Il biologo continua la sua riflessione: «Viviamo in un mondo letteralmente pieno di creative potenzialità evolutive ed è abbastanza ragionevole chiedersi perché sia così. Per una persona di fede, la risposta a questa domanda è Dio. La scienza si avvale di un tipo di fede, una fede condivisa da tutti gli scienziati, siano essi religiosi nel senso convenzionale o meno. La scienza si basa su una fede che il mondo è comprensibile, e che ci sia una logica nella realtà che la mente umana può esplorare e comprendere. Contiene anche, come un articolo di fede scientifica, che tale esplorazione valga la pena, perché la conoscenza è sempre da preferire all’ignoranzaL’errore categorico dell’ateo è di assumere che Dio è naturale, e dunque è all’interno del regno della scienza, da indagare e da provare. Facendo Dio una parte normale del mondo naturale, e non riuscendo a trovarlo lì, essi concludono che Egli non esiste. Ma Dio non è e non può essere parte della natura. Dio è la ragione della natura, la spiegazione del perché delle cose. Egli è la risposta alla esistenza, non parte della stessa esistenza». Con buona dimestichezza anche in campo fisico e filosofico, afferma: «C’è grande ingenuità nel presupporre che la nostra presenza nell’universo si spieghi da sé, e non richieda una risposta. Molti di coloro che rifiutano Dio, implicano che le ragioni naturali per l’esistenza di un mondo ordinato non siano da ricercare. Le leggi della natura esistono semplicemente perché sono, o perché ci troviamo in uno degli innumerevoli “multiuniversi” in cui il nostro sembra essere ospitale per la vita. Non c’è bisogno di chiedersi perché sia così, o indagare il meccanismo che genera tanti mondi. La curiosità del teista che abbraccia la scienza è più grande, non minore, perché egli cerca una spiegazione che è più profonda di quanto la scienza può offrire, una spiegazione che comprende la scienza, ma cerca la ragione ultima per cui la logica della scienza dovrebbe funzionare così bene. L’ipotesi di Dio non viene da un rifiuto della scienza, ma da una curiosità penetrante che si chiede perché la scienza sia ancora possibile, e perché le leggi della natura esistono per noi da scoprire».

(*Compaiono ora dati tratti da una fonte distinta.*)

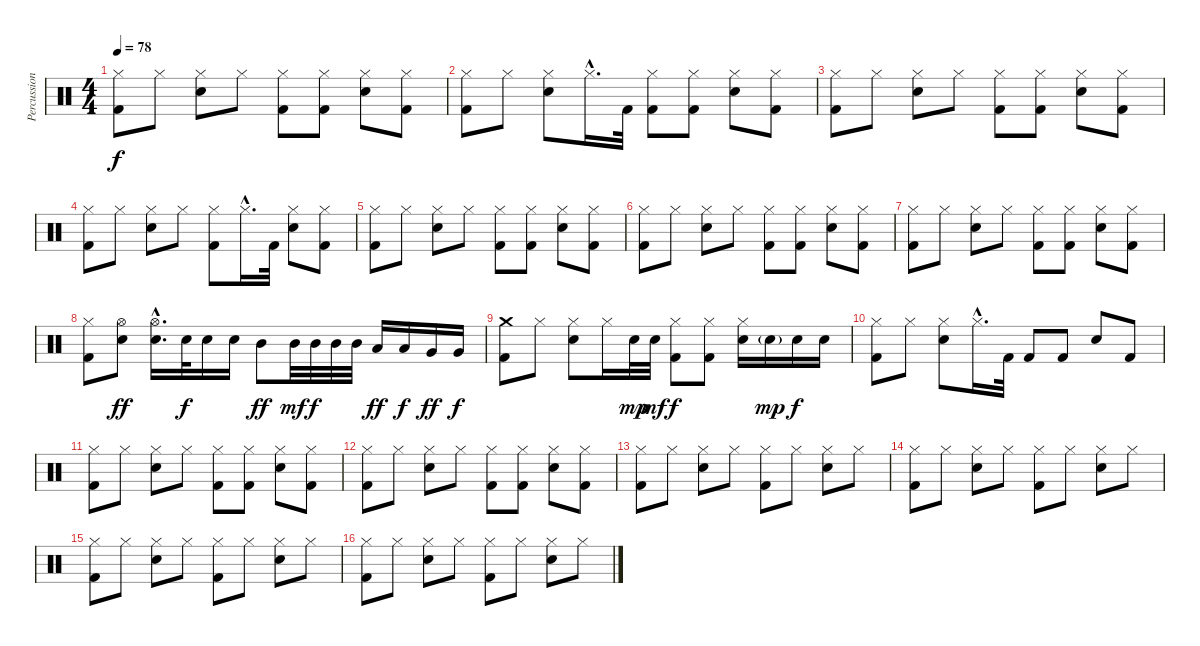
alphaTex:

\track ("Percussions" "Percussion") {instrument percussion}
\staff {score}
\articulation defaults
\ts (4 4)
\tempo 78
\clef neutral
\ks c
("Hi-Hat (closed)" "Kick (hit) 2").8{dy f} "Hi-Hat (closed)".8 ("Hi-Hat (closed)" "Electric Snare (hit)").8 "Hi-Hat (closed)".8 ("Hi-Hat (closed)" "Kick (hit) 2").8 ("Hi-Hat (closed)" "Kick (hit) 2").8 ("Hi-Hat (closed)" "Electric Snare (hit)").8 ("Hi-Hat (closed)" "Kick (hit) 2").8 |
("Hi-Hat (closed)" "Kick (hit) 2").8 "Hi-Hat (closed)".8 ("Hi-Hat (closed)" "Electric Snare (hit)").8 "Hi-Hat (closed)"{hac}.16{d} "Kick (hit) 2".32 ("Hi-Hat (closed)" "Kick (hit) 2").8 ("Hi-Hat (closed)" "Kick (hit) 2").8 ("Hi-Hat (closed)" "Electric Snare (hit)").8 ("Hi-Hat (closed)" "Kick (hit) 2").8 |
("Hi-Hat (closed)" "Kick (hit) 2").8 "Hi-Hat (closed)".8 ("Hi-Hat (closed)" "Electric Snare (hit)").8 "Hi-Hat (closed)".8 ("Hi-Hat (closed)" "Kick (hit) 2").8 ("Hi-Hat (closed)" "Kick (hit) 2").8 ("Hi-Hat (closed)" "Electric Snare (hit)").8 ("Hi-Hat (closed)" "Kick (hit) 2").8 |
("Hi-Hat (closed)" "Kick (hit) 2").8 "Hi-Hat (closed)".8 ("Hi-Hat (closed)" "Electric Snare (hit)").8 "Hi-Hat (closed)".8 ("Hi-Hat (closed)" "Kick (hit) 2").8 "Hi-Hat (closed)"{hac}.16{d} "Kick (hit) 2".32 ("Hi-Hat (closed)" "Electric Snare (hit)").8 ("Hi-Hat (closed)" "Kick (hit) 2").8 |
("Hi-Hat (closed)" "Kick (hit) 2").8 "Hi-Hat (closed)".8 ("Hi-Hat (closed)" "Electric Snare (hit)").8 "Hi-Hat (closed)".8 ("Hi-Hat (closed)" "Kick (hit) 2").8 ("Hi-Hat (closed)" "Kick (hit) 2").8 ("Hi-Hat (closed)" "Electric Snare (hit)").8 ("Hi-Hat (closed)" "Kick (hit) 2").8 |
("Hi-Hat (closed)" "Kick (hit) 2").8 "Hi-Hat (closed)".8 ("Hi-Hat (closed)" "Electric Snare (hit)").8 "Hi-Hat (closed)".8 ("Hi-Hat (closed)" "Kick (hit) 2").8 ("Hi-Hat (closed)" "Kick (hit) 2").8 ("Hi-Hat (closed)" "Electric Snare (hit)").8 ("Hi-Hat (closed)" "Kick (hit) 2").8 |
("Hi-Hat (closed)" "Kick (hit) 2").8 "Hi-Hat (closed)".8 ("Hi-Hat (closed)" "Electric Snare (hit)").8 "Hi-Hat (closed)".8 ("Hi-Hat (closed)" "Kick (hit) 2").8 ("Hi-Hat (closed)" "Kick (hit) 2").8 ("Hi-Hat (closed)" "Electric Snare (hit)").8 ("Hi-Hat (closed)" "Kick (hit) 2").8 |
("Hi-Hat (closed)" "Kick (hit) 2").8 ("Hi-Hat (open)" "Electric Snare (hit)").8{dy ff} ("Hi-Hat (open)"{hac} "Electric Snare (hit)"{hac}).16{d} "Electric Snare (hit)".32{dy f} "Electric Snare (hit)".16 "Electric Snare (hit)".16 "Mid Tom (hit)".8{dy ff} "Mid Tom (hit)".32{dy mf} "Mid Tom (hit)".32{dy f} "Mid Tom (hit)".32 "Mid Tom (hit)".32 "Low Tom (hit)".16{dy ff} "Low Tom (hit)".16{dy f} "Very Low Tom (hit)".16{dy ff} "Very Low Tom (hit)".16{dy f} |
("Crash medium (hit)" "Kick (hit) 2").8 "Hi-Hat (closed)".8 ("Hi-Hat (closed)" "Electric Snare (hit)").8 "Hi-Hat (closed)".16 "Electric Snare (hit)".32{dy mp} "Electric Snare (hit)".32{dy mf} ("Hi-Hat (closed)" "Kick (hit) 2").8{dy f} ("Hi-Hat (closed)" "Kick (hit) 2").8 ("Hi-Hat (closed)" "Electric Snare (hit)").16 "Electric Snare (hit)"{g}.16{dy mp} "Electric Snare (hit)".16{dy f} "Electric Snare (hit)".16 |
("Hi-Hat (closed)" "Kick (hit) 2").8 "Hi-Hat (closed)".8 ("Hi-Hat (closed)" "Electric Snare (hit)").8 "Hi-Hat (closed)"{hac}.16{d} "Kick (hit) 2".32 "Kick (hit) 2".8 "Kick (hit) 2".8 "Electric Snare (hit)".8 "Kick (hit) 2".8 |
("Hi-Hat (closed)" "Kick (hit) 2").8 "Hi-Hat (closed)".8 ("Hi-Hat (closed)" "Electric Snare (hit)").8 "Hi-Hat (closed)".8 ("Hi-Hat (closed)" "Kick (hit) 2").8 ("Hi-Hat (closed)" "Kick (hit) 2").8 ("Hi-Hat (closed)" "Electric Snare (hit)").8 ("Hi-Hat (closed)" "Kick (hit) 2").8 |
("Hi-Hat (closed)" "Kick (hit) 2").8 "Hi-Hat (closed)".8 ("Hi-Hat (closed)" "Electric Snare (hit)").8 "Hi-Hat (closed)".8 ("Hi-Hat (closed)" "Kick (hit) 2").8 ("Hi-Hat (closed)" "Kick (hit) 2").8 ("Hi-Hat (closed)" "Electric Snare (hit)").8 ("Hi-Hat (closed)" "Kick (hit) 2").8 |
("Hi-Hat (closed)" "Kick (hit) 2").8 "Hi-Hat (closed)".8 ("Hi-Hat (closed)" "Electric Snare (hit)").8 "Hi-Hat (closed)".8 ("Hi-Hat (closed)" "Kick (hit) 2").8 "Hi-Hat (closed)".8 ("Hi-Hat (closed)" "Electric Snare (hit)").8 "Hi-Hat (closed)".8 |
("Hi-Hat (closed)" "Kick (hit) 2").8 "Hi-Hat (closed)".8 ("Hi-Hat (closed)" "Electric Snare (hit)").8 "Hi-Hat (closed)".8 ("Hi-Hat (closed)" "Kick (hit) 2").8 "Hi-Hat (closed)".8 ("Hi-Hat (closed)" "Electric Snare (hit)").8 "Hi-Hat (closed)".8 |
("Hi-Hat (closed)" "Kick (hit) 2").8 "Hi-Hat (closed)".8 ("Hi-Hat (closed)" "Electric Snare (hit)").8 "Hi-Hat (closed)".8 ("Hi-Hat (closed)" "Kick (hit) 2").8 "Hi-Hat (closed)".8 ("Hi-Hat (closed)" "Electric Snare (hit)").8 "Hi-Hat (closed)".8 |
("Hi-Hat (closed)" "Kick (hit) 2").8 "Hi-Hat (closed)".8 ("Hi-Hat (closed)" "Electric Snare (hit)").8 "Hi-Hat (closed)".8 ("Hi-Hat (closed)" "Kick (hit) 2").8 "Hi-Hat (closed)".8 ("Hi-Hat (closed)" "Electric Snare (hit)").8 "Hi-Hat (closed)".8

Dando uno sguardo anche alle religioni, evidenzia che «rifiutare Dio a causa delle auto-contraddizioni e mancanze logiche della religione organizzata, sarebbe come rifiutare la fisica a causa delle contraddizioni intrinseche della teoria quantistica e della relatività generale. La scienza, tutta la scienza, è necessariamente incompleta, questa è, in effetti, la ragione per cui tanti di noi trovano la scienza tonificante e appagante. Perché, allora, dovremmo essere sorpresi che anche la religione è incompleta e contraddittoria? Non abbandoniamo la scienza perché i nostri sforzi umani per avvicinarsi alle grandi verità della natura sono a volte ostacolati da errori, avidità, disonestà, e anche di frode. Perché allora dovremmo dichiarare la fede una “delusione”, perché è soggetta esattamente alle stesse carenze?». E conclude: «Oggi, la scienza va avanti e il mistero rimane. C’è un posto per la fede autentica nel mondo della scienza? In effetti c’è. Lungi dall’essere in contrasto con essa, l’ipotesi di Dio convalida, non solo la nostra fede nella scienza, ma il nostro vero piacere, soprattutto per i doni di conoscenza, amore e vita».